The Company has agreed to file a registration statement for the resale of the ordinary shares issuable upon the conversion of the Note and upon the exercise of the warrants. Subject to the satisfaction of certain conditions, additional tranches of funding may be provided by mutual agreement of the Investors and the Company in the aggregate amount up to $6.8 million, including the first tranche. The Investors are entitled to receive an additional warrant equal to 50% of the increased funding amount with an exercise price equal to the VWAP on the trading day immediately prior to the subsequent closing date.

This press release shall not constitute an offer to sell or a solicitation of an offer to buy these securities, nor shall there be any sale of these securities in any state or other jurisdiction in which such offer, solicitation or sale would be unlawful prior to the registration or qualification under the securities laws of any such state or other jurisdiction.

About Caravelle International Group

Caravelle is a global ocean technology company. Its business comprises of two sectors: the traditional business in international shipping, operated by the Topsheen Companies (Topsheen Shipping Group Corporation (Samoa) and its subsidiaries) and the new CO-Tech business under Singapore Garden Technology Pte. Ltd. As the traditional business, Caravelle's international shipping business has generated all revenues. The CO-Tech business is a new development building upon the existing shipping business. It enables wood desiccation during the maritime shipping process, with full utilization of the shipping time, space, and the waste heat of exhaust gas from the shipping vessels. Caravelle's CO-Tech industry has no historical operations and has not generated revenue. Caravelle is headquartered in Singapore.

Forward Looking Statements

This announcement contains "forward-looking" statements within the meaning of Section 27A of the Securities Act of 1933 and Section 21E of the Securities Exchange Act of 1934. These statements are made under the "safe harbor" provisions of the U.S. Private Securities Litigation Reform Act of 1995. All statements, other than statements of historical fact, including, without limitation, those with respect to the objectives, plans and strategies of the Company set forth herein and those preceded by or that include the words "believe," "expect," "anticipate," "future," "will," "intend," "plan," "estimate" or similar expressions, are "forward-looking statements". Such statements include, but are not limited to risks detailed in the Company's filings with the U.S. Securities and Exchange Commission, including its Annual Report on Form 20-F for the fiscal year ended October 31, 2022. These forward-looking statements involve a number of risks and uncertainties, which could cause the Company's future results to differ materially from those anticipated. Should one or more of these risks or uncertainties materialize, or should underlying assumptions prove incorrect, actual results may vary materially from those indicated or anticipated by such forward-looking statements. All information provided in this press release is as of the date of the publication, and the Company does not undertake any obligation to update any forward-looking statement, except as required under applicable law.

Cision View original content:https://www.prnewswire.com/news-releases/caravelle-international-group-announces-a-private-placement-of-up-to-6-8-million-302031949.html

SOURCE Caravelle International Group

FAQ

What is the recent announcement from Caravelle International Group (CACO)?
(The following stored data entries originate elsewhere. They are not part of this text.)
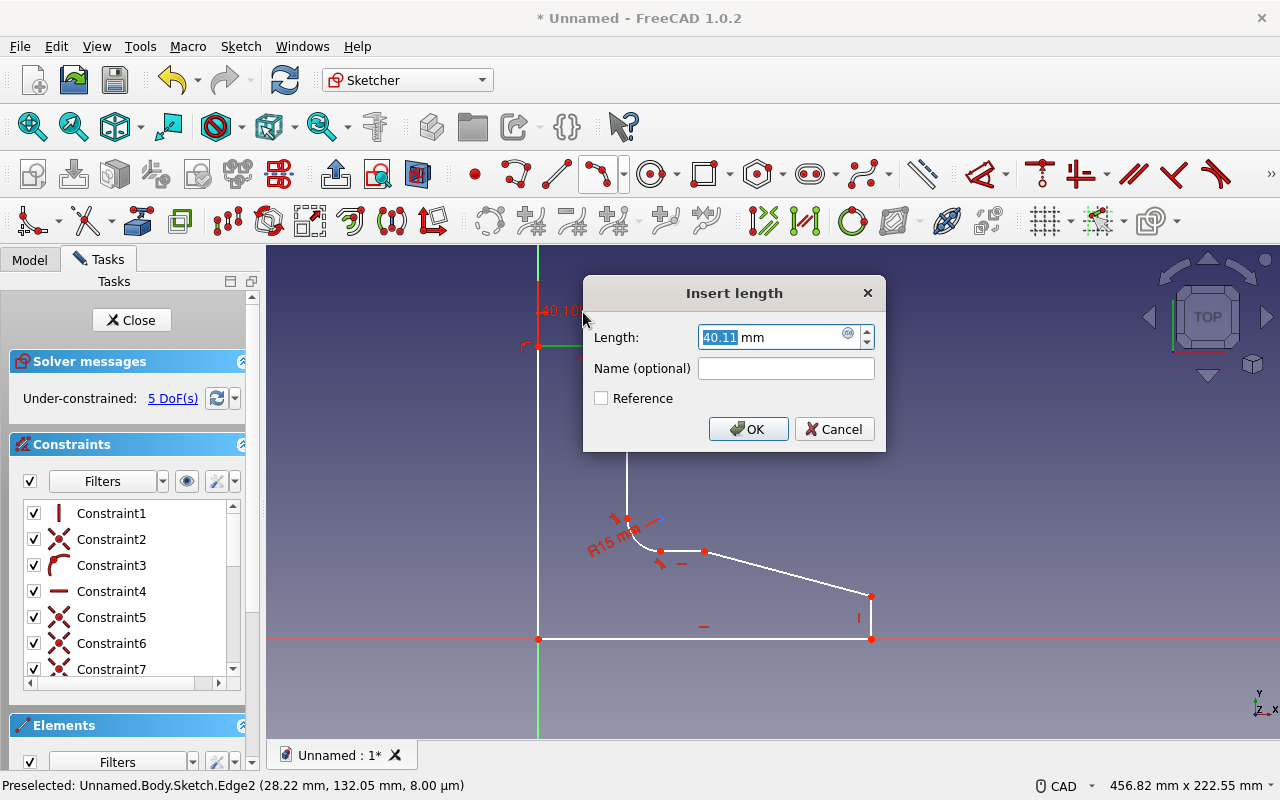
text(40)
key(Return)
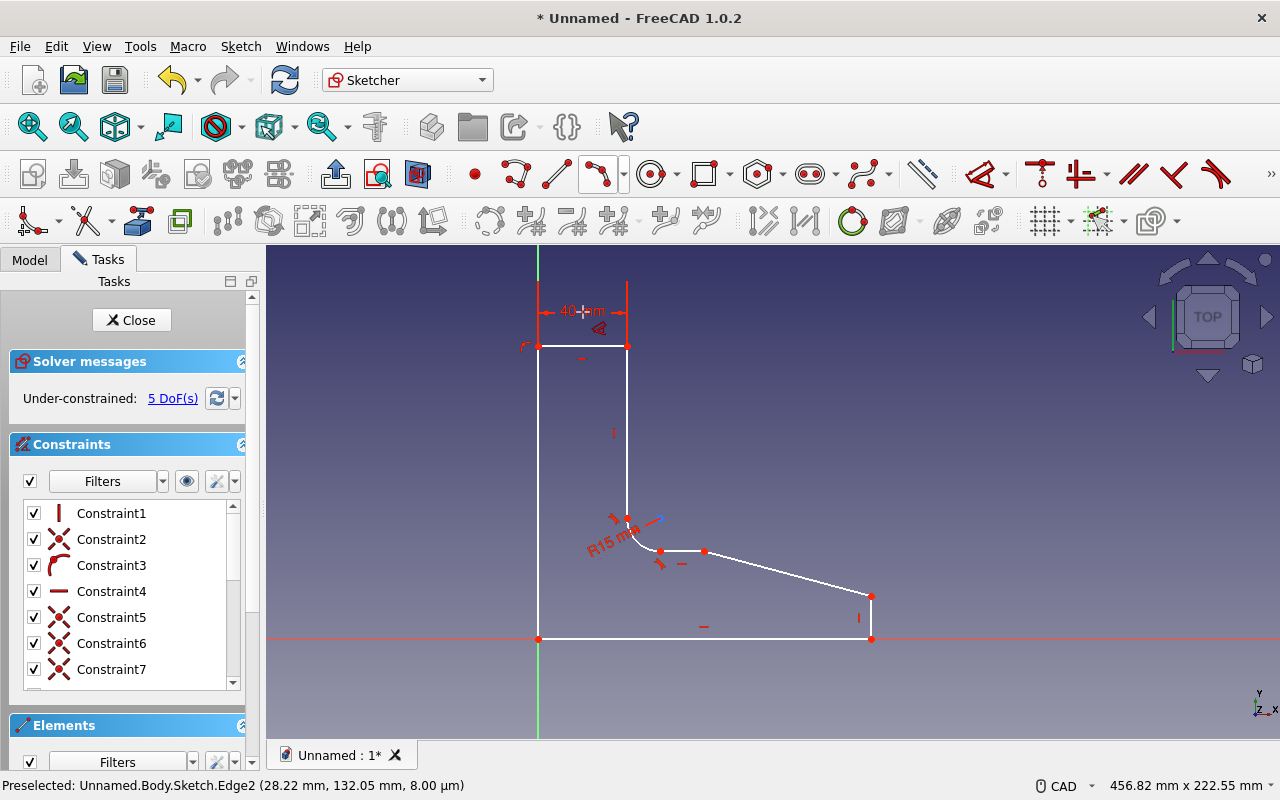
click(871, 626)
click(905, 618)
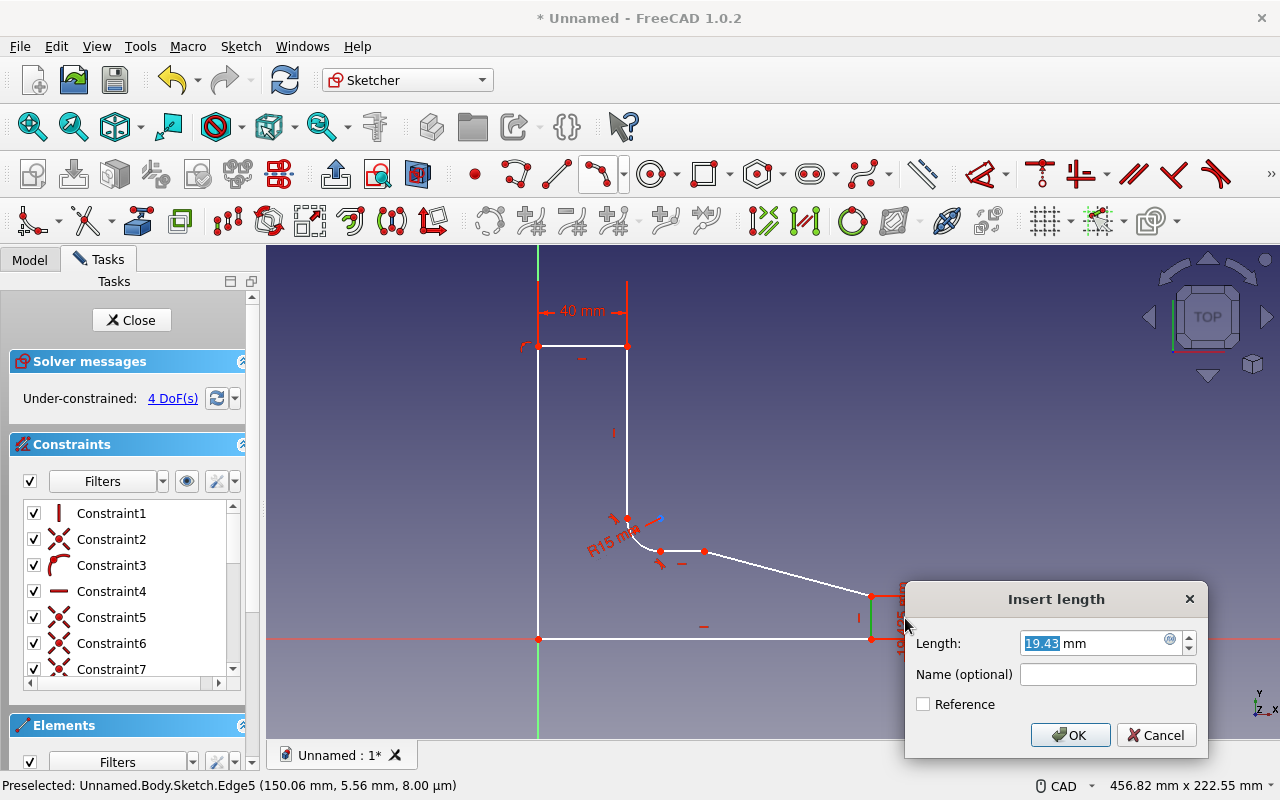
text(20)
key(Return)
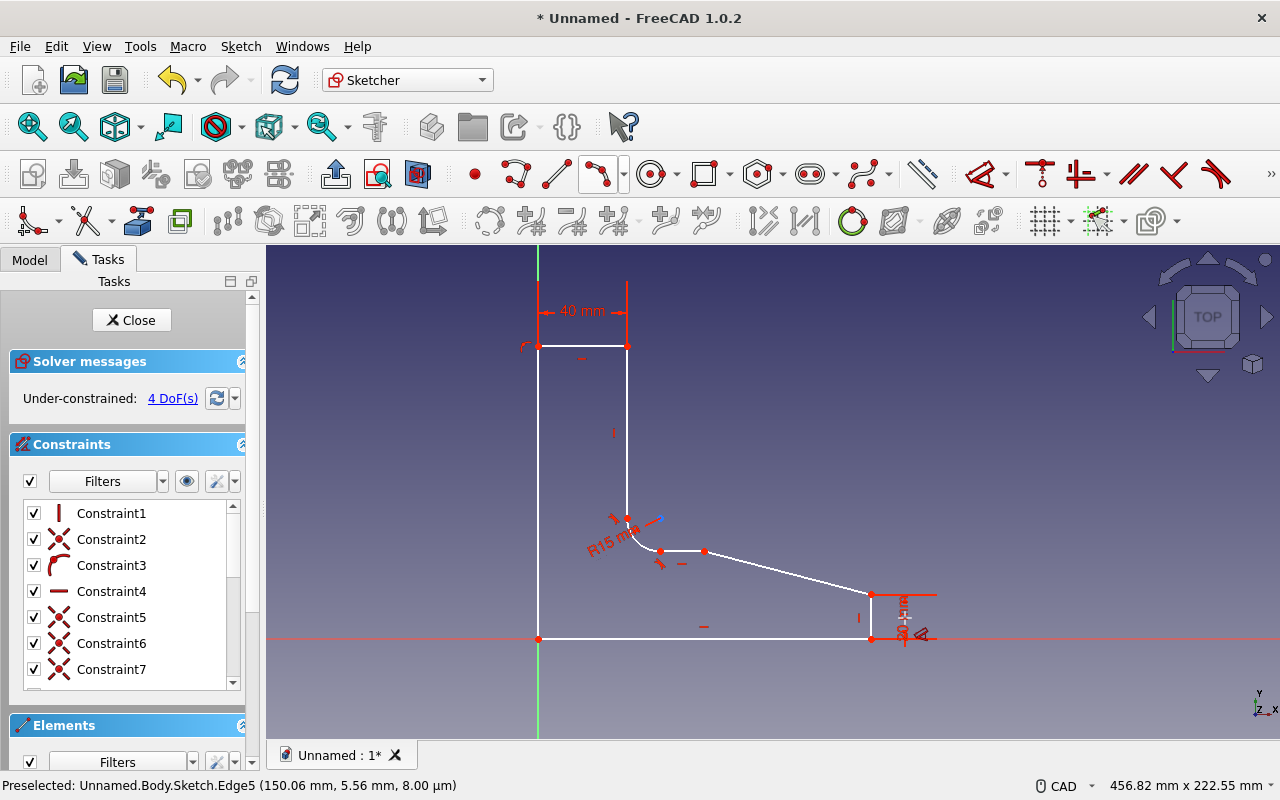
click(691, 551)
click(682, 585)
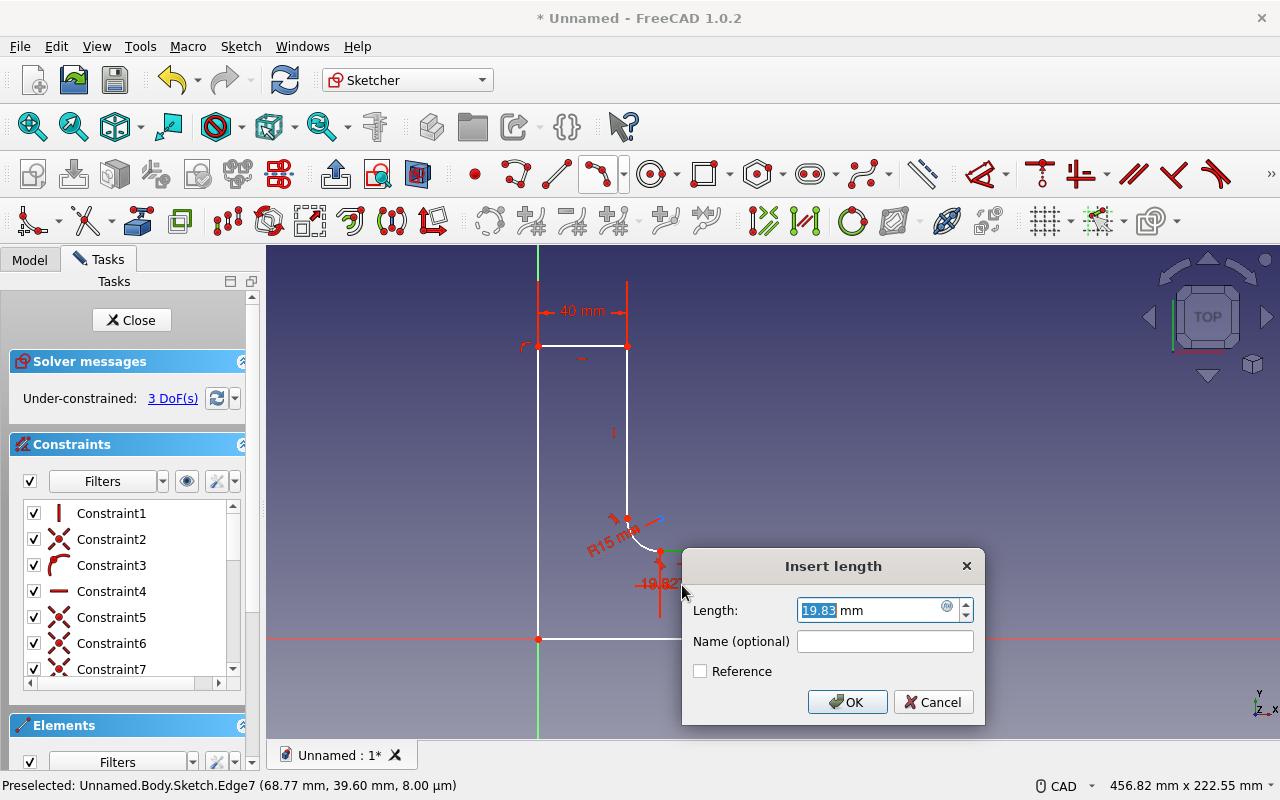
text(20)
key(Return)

The company announced a securities purchase agreement with institutional investors for $1.5 million in advance payment for a private placement of up to $6.8 million.

What form does the investment take?

The investment is in the form of a Senior Secured Convertible Promissory Note with an 18-month maturity.

What is the initial conversion price for the convertible note?

The initial conversion price for the note is $1.00 per share.

What are the net proceeds to the company from this financing?

The net proceeds to the company were approximately $1 million.

What are the proceeds intended for?

The proceeds are intended for general working capital purposes.